* BRIEF *
Repeat verbatim, and only, the lines of the data below, beginning at the line that contains "#1 toy construction vehicle (540,267,589,313)" and stopping after the line that contains "#15 toy alligator (616,243,639,253)".

(Records from a dataset)
▬▬▬▬▬▬

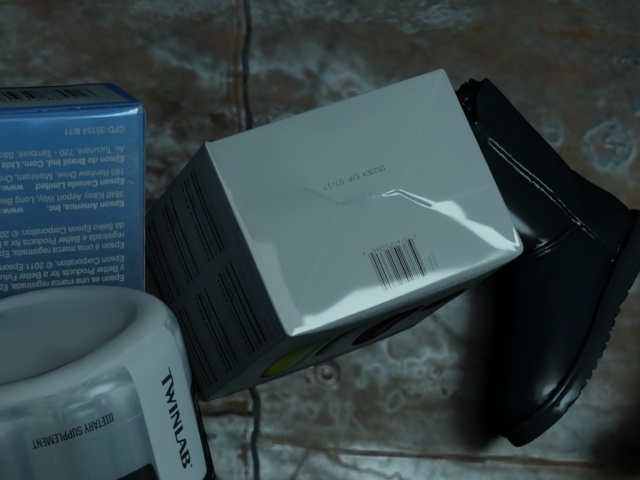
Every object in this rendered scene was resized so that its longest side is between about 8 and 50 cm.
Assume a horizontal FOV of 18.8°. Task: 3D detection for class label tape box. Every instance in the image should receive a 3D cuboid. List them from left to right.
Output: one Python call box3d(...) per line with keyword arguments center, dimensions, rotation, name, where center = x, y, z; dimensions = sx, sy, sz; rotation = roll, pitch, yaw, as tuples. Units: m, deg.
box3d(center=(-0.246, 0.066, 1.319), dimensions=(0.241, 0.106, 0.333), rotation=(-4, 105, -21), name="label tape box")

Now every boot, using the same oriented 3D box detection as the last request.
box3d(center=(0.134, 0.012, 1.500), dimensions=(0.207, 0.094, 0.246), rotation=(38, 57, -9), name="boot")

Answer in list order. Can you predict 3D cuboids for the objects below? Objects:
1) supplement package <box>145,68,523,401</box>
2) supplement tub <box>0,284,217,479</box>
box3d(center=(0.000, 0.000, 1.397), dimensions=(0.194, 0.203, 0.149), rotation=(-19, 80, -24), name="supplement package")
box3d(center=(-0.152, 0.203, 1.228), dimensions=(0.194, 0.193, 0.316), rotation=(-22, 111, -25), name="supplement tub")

▬▬▬▬▬▬

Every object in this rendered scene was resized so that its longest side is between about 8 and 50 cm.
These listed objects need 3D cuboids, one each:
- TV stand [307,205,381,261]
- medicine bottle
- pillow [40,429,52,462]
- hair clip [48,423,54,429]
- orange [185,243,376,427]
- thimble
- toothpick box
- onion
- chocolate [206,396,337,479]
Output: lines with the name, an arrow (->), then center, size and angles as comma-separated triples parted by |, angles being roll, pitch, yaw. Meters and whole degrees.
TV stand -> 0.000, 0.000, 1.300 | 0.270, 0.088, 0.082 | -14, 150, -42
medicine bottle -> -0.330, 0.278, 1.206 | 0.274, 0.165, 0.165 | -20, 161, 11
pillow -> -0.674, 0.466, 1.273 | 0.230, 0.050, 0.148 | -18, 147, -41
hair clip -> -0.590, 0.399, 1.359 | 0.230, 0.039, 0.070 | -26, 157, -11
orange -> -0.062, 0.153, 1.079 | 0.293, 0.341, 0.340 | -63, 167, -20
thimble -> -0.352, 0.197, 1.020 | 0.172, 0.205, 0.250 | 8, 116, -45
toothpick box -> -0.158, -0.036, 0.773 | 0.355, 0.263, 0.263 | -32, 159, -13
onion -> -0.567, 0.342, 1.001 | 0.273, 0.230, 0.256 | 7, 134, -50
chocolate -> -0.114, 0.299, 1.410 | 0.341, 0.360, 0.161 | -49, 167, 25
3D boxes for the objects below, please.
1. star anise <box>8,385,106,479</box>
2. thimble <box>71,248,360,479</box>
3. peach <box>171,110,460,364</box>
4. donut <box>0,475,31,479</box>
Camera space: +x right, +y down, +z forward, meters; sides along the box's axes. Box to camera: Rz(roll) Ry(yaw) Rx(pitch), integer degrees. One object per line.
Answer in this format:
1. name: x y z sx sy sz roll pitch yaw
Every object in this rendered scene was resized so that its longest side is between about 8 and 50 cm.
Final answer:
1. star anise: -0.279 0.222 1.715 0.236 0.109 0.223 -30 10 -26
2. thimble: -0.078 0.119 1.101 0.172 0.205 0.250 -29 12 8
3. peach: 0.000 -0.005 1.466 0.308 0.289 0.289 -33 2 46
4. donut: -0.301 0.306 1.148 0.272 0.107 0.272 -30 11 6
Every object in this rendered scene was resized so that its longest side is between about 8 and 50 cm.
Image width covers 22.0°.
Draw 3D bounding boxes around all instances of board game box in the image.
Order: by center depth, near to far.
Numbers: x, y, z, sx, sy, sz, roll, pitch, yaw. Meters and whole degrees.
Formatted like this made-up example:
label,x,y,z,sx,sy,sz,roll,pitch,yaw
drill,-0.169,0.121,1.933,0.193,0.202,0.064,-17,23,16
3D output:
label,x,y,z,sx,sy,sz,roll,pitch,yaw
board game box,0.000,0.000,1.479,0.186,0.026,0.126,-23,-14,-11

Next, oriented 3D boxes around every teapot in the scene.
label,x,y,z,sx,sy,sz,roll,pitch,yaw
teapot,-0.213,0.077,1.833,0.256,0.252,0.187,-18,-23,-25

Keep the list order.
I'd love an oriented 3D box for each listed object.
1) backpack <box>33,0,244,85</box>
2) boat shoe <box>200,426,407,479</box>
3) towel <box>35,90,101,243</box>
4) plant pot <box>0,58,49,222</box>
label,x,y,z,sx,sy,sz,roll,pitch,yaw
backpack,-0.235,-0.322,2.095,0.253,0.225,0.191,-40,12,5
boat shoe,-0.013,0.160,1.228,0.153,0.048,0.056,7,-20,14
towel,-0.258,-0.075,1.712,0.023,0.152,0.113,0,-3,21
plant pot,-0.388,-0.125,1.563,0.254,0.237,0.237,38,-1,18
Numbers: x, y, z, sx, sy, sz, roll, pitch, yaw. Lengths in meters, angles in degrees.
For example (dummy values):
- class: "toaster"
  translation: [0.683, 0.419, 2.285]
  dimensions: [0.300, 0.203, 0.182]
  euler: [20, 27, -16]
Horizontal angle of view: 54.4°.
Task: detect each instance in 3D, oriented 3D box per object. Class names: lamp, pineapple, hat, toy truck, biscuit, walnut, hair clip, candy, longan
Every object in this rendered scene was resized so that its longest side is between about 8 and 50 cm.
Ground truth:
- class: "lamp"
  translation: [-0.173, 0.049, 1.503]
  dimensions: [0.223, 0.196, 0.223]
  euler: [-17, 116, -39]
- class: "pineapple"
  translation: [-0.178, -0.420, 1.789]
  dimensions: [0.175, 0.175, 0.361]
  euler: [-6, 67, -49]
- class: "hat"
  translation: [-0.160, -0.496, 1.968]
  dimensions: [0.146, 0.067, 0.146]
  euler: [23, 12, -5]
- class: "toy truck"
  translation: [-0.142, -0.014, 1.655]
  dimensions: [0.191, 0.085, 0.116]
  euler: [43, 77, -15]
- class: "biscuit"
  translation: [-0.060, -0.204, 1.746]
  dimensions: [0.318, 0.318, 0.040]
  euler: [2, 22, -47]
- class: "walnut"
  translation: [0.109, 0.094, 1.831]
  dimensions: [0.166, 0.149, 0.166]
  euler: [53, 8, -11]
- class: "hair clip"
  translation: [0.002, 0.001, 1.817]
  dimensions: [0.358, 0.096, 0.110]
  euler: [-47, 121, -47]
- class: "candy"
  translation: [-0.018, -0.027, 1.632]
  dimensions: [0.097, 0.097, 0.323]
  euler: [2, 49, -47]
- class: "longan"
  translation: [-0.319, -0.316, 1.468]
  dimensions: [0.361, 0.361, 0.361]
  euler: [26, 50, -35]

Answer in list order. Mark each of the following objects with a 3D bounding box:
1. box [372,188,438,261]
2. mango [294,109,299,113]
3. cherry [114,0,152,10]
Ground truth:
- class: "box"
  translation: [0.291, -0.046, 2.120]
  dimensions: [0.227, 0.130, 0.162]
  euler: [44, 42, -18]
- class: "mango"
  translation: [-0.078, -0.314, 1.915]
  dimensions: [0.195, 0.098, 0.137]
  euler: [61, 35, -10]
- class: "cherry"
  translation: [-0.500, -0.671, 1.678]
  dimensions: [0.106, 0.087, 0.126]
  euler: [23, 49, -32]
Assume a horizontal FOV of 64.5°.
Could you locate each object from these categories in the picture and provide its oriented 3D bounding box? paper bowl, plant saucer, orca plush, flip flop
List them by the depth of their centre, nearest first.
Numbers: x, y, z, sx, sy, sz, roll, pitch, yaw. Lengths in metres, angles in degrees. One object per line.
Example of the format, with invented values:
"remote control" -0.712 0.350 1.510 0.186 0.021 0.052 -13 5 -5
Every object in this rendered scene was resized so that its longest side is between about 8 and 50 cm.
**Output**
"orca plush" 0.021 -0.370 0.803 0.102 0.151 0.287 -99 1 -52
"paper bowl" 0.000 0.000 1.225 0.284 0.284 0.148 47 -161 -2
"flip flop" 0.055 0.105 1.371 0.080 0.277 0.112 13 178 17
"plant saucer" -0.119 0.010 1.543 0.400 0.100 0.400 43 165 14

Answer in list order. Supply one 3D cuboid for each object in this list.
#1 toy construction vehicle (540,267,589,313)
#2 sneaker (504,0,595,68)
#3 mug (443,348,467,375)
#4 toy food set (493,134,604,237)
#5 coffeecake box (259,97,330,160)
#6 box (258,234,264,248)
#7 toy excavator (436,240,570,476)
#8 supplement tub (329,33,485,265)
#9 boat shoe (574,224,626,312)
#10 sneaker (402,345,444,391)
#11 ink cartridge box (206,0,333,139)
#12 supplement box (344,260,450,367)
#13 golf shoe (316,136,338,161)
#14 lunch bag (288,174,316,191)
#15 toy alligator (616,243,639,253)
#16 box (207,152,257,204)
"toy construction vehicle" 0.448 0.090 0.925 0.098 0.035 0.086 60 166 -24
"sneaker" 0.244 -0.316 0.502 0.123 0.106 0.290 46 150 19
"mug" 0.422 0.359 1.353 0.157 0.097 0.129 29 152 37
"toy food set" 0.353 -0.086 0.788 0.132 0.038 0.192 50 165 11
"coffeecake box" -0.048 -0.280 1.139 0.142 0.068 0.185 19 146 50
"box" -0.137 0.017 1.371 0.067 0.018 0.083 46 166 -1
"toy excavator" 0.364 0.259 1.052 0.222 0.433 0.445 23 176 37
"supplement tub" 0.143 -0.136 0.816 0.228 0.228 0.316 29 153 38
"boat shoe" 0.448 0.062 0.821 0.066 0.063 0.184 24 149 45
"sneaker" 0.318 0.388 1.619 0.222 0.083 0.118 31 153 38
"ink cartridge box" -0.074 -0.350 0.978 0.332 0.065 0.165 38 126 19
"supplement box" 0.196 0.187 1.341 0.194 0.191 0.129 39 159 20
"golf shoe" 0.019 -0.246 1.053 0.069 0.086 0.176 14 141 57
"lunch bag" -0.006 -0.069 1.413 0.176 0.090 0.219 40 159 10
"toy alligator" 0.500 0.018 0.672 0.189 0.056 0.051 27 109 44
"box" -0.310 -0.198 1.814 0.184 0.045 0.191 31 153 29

▬▬▬▬▬▬

* ANSWER SPACE *
#1 toy construction vehicle (540,267,589,313)
#2 sneaker (504,0,595,68)
#3 mug (443,348,467,375)
#4 toy food set (493,134,604,237)
#5 coffeecake box (259,97,330,160)
#6 box (258,234,264,248)
#7 toy excavator (436,240,570,476)
#8 supplement tub (329,33,485,265)
#9 boat shoe (574,224,626,312)
#10 sneaker (402,345,444,391)
#11 ink cartridge box (206,0,333,139)
#12 supplement box (344,260,450,367)
#13 golf shoe (316,136,338,161)
#14 lunch bag (288,174,316,191)
#15 toy alligator (616,243,639,253)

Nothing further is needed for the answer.